What to do when your child hates school While You co-parenting as a busy parent

For busy parents, hearing their child dislike school can be frustrating and worrying. This complex issue can stem from academic struggles, social difficulties, a disconnect with the curriculum, or even the impact of a family situation like a divorce. If you’re facing this, your first step as a parent is to find out why your child feels this way.

The most important step is to identify why your kid dislikes school.

To help your child, you first need to understand why they don’t like school. This may require a combination of observation, communication, and collaboration with your child, their teachers, and any relevant professionals.

Some common reasons behind a child’s dislike for school include:

  • School work is too hard or confusing.
  • They’re having trouble getting along with other kids.
  • School feels boring or not interesting.
  • They’re worried or scared about something at school.
  • Something bad happened in the past that makes them not want to go.
  • Events like parental divorce can cause emotional distress, impacting their ability to focus on study. 

By understanding the specific factors contributing to your child’s attitude, you can tailor your approach and interventions to address the root causes. And this will help you while you discuss with your ex-partner about your kid’s issue about disliking school. 
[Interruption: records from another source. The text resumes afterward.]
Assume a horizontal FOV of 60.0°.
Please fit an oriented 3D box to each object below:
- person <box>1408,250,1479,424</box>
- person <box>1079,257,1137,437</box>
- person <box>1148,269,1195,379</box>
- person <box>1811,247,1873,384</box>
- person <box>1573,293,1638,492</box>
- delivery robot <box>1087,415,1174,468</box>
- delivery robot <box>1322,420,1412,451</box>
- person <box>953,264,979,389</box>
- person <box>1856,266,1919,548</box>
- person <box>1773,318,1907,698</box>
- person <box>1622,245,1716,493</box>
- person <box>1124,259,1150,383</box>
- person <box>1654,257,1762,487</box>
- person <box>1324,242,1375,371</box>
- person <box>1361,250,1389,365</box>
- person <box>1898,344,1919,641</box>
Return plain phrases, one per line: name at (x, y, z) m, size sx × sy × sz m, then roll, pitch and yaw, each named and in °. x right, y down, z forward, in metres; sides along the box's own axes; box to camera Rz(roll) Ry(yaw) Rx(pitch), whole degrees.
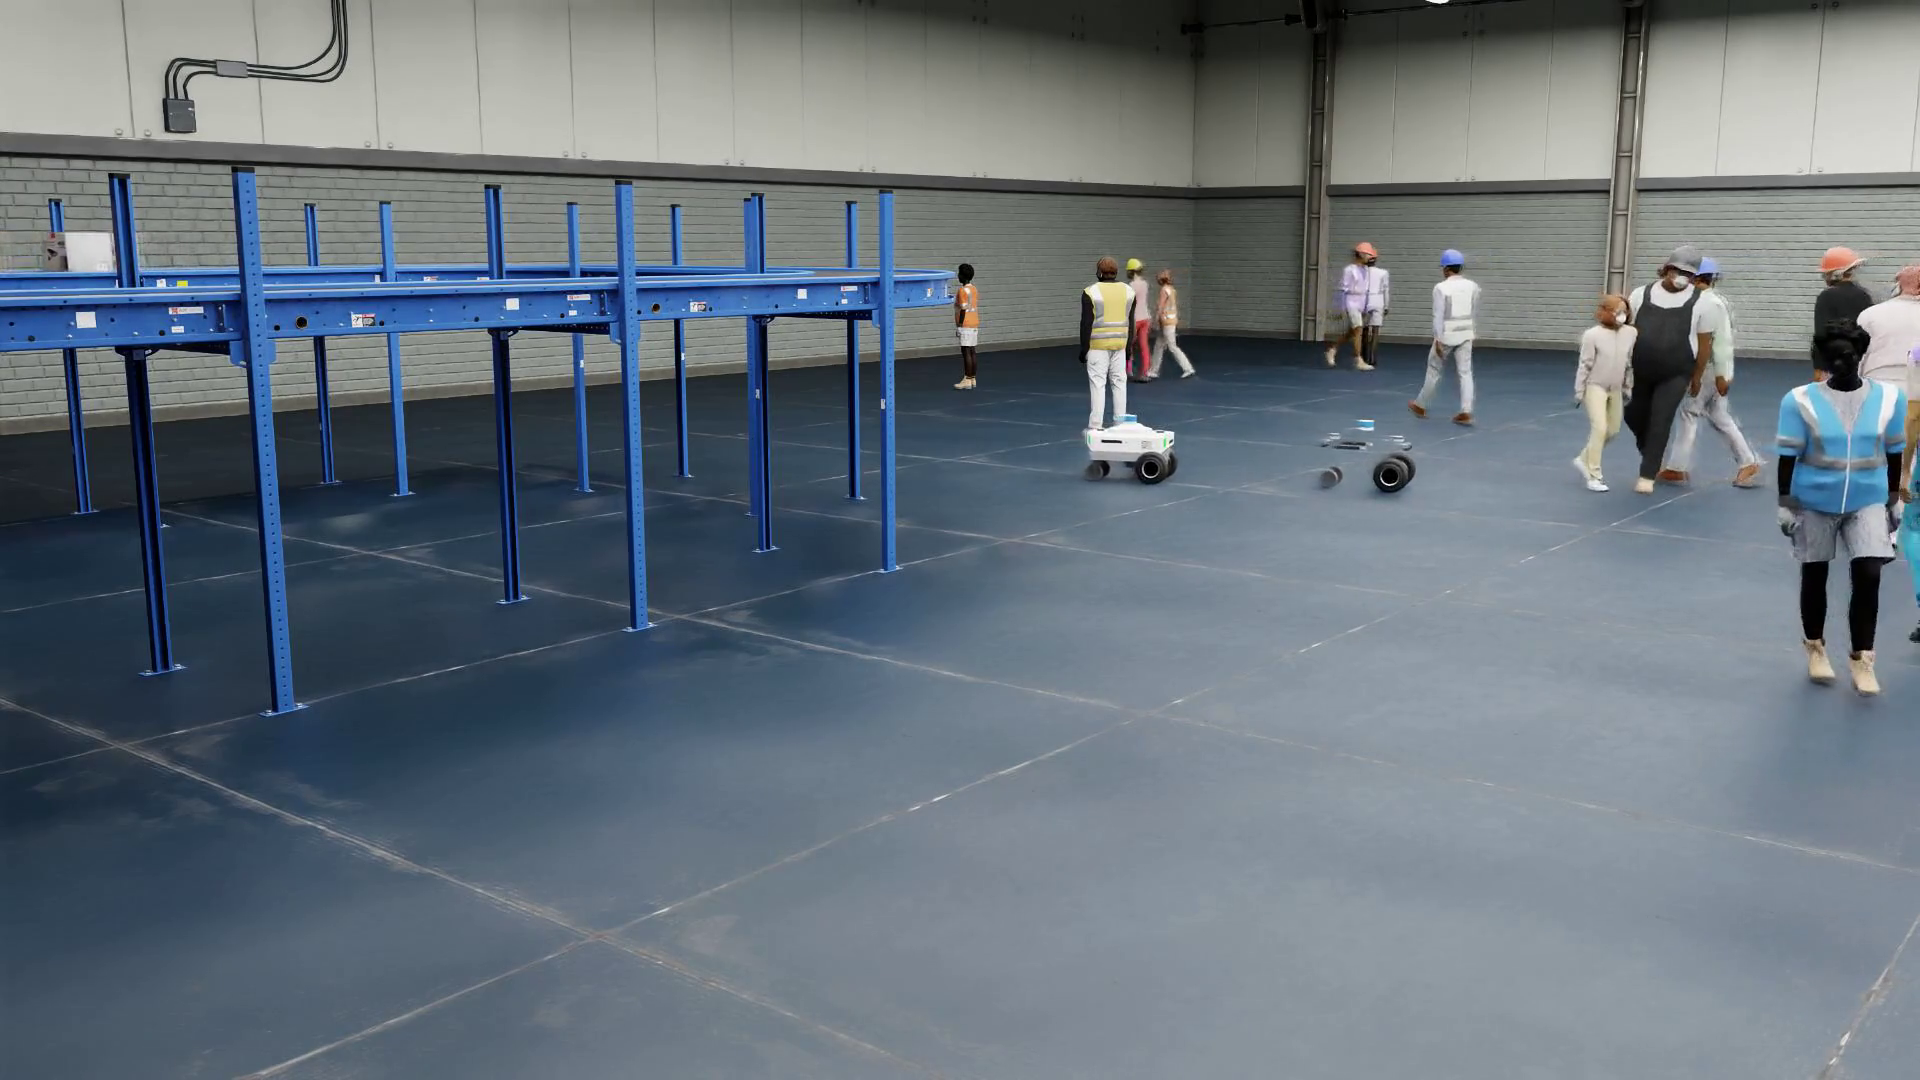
person at (5.423, -2.260, 18.501) m, size 0.617 × 1.897 × 0.955 m, roll -3°, pitch 11°, yaw -17°
person at (1.499, -1.981, 17.129) m, size 0.628 × 1.843 × 0.429 m, roll -5°, pitch 11°, yaw -25°
person at (3.060, -3.136, 24.215) m, size 0.768 × 1.602 × 0.510 m, roll 2°, pitch 10°, yaw 11°
person at (7.398, -1.447, 13.871) m, size 0.732 × 1.943 × 0.837 m, roll -2°, pitch 10°, yaw -11°
person at (5.221, -1.224, 13.613) m, size 0.510 × 1.602 × 0.609 m, roll -3°, pitch 11°, yaw -16°
delivery robot at (1.444, -0.821, 14.121) m, size 0.707 × 0.478 × 0.477 m, roll 3°, pitch 11°, yaw 18°
delivery robot at (3.349, -0.869, 13.669) m, size 0.698 × 0.223 × 0.335 m, roll 4°, pitch 11°, yaw 23°
person at (0.085, -2.916, 22.708) m, size 0.318 × 1.697 × 0.535 m, roll 3°, pitch 11°, yaw 18°
person at (6.257, -0.905, 11.186) m, size 0.716 × 1.832 × 0.994 m, roll 4°, pitch 11°, yaw 23°
person at (3.907, -0.142, 7.391) m, size 0.554 × 1.666 × 0.699 m, roll 3°, pitch 11°, yaw 17°
person at (5.749, -1.424, 13.604) m, size 0.741 × 2.000 × 0.823 m, roll 8°, pitch 13°, yaw 36°
person at (2.464, -3.117, 23.683) m, size 0.587 × 1.746 × 0.525 m, roll 8°, pitch 13°, yaw 39°
person at (6.233, -1.385, 13.697) m, size 0.865 × 1.897 × 0.620 m, roll 5°, pitch 11°, yaw 26°
person at (6.149, -3.690, 26.203) m, size 0.612 × 2.003 × 0.952 m, roll -9°, pitch 14°, yaw -41°
person at (6.736, -3.830, 27.282) m, size 0.552 × 1.872 × 1.049 m, roll 2°, pitch 10°, yaw 12°
person at (4.910, -0.364, 8.198) m, size 0.571 × 1.825 × 0.436 m, roll 1°, pitch 10°, yaw 6°

Communicate with your co-parent about the situation 

Effective communication with your co-parent is essential when addressing your child’s dislike for school. You can begin by scheduling a time to discuss the issue, ensuring that you are both in a calm and receptive state of mind.

During the conversation, you must inform the co-parent of the core cause you have previously identified or the specific issues your child is facing. And brainstorm potential solutions for your children, then share your ideas with your ex-partner. You both must try to avoid blaming each other. Instead, approach the conversation with a problem-solving perspective. Encourage your co-parent to share their thoughts, and be willing to compromise and work together..

You both need to agree on a plan that clearly defines what each of you will do. This plan could include regular check-ins, setting up homework schedules, or attending parent-teacher meetings together. 

Collaborating with teachers and school staff

After you and your ex-partner talk about your child and agree on a plan, it’s important to work with your child’s teachers and school staff too. This can help if your child doesn’t like school. Contact their teachers and set up a meeting to talk about the problem. Just like you share thoughts with your ex-partner, don’t be afraid to share your observations, concerns, and any important information about your child’s home life and co-parenting situation.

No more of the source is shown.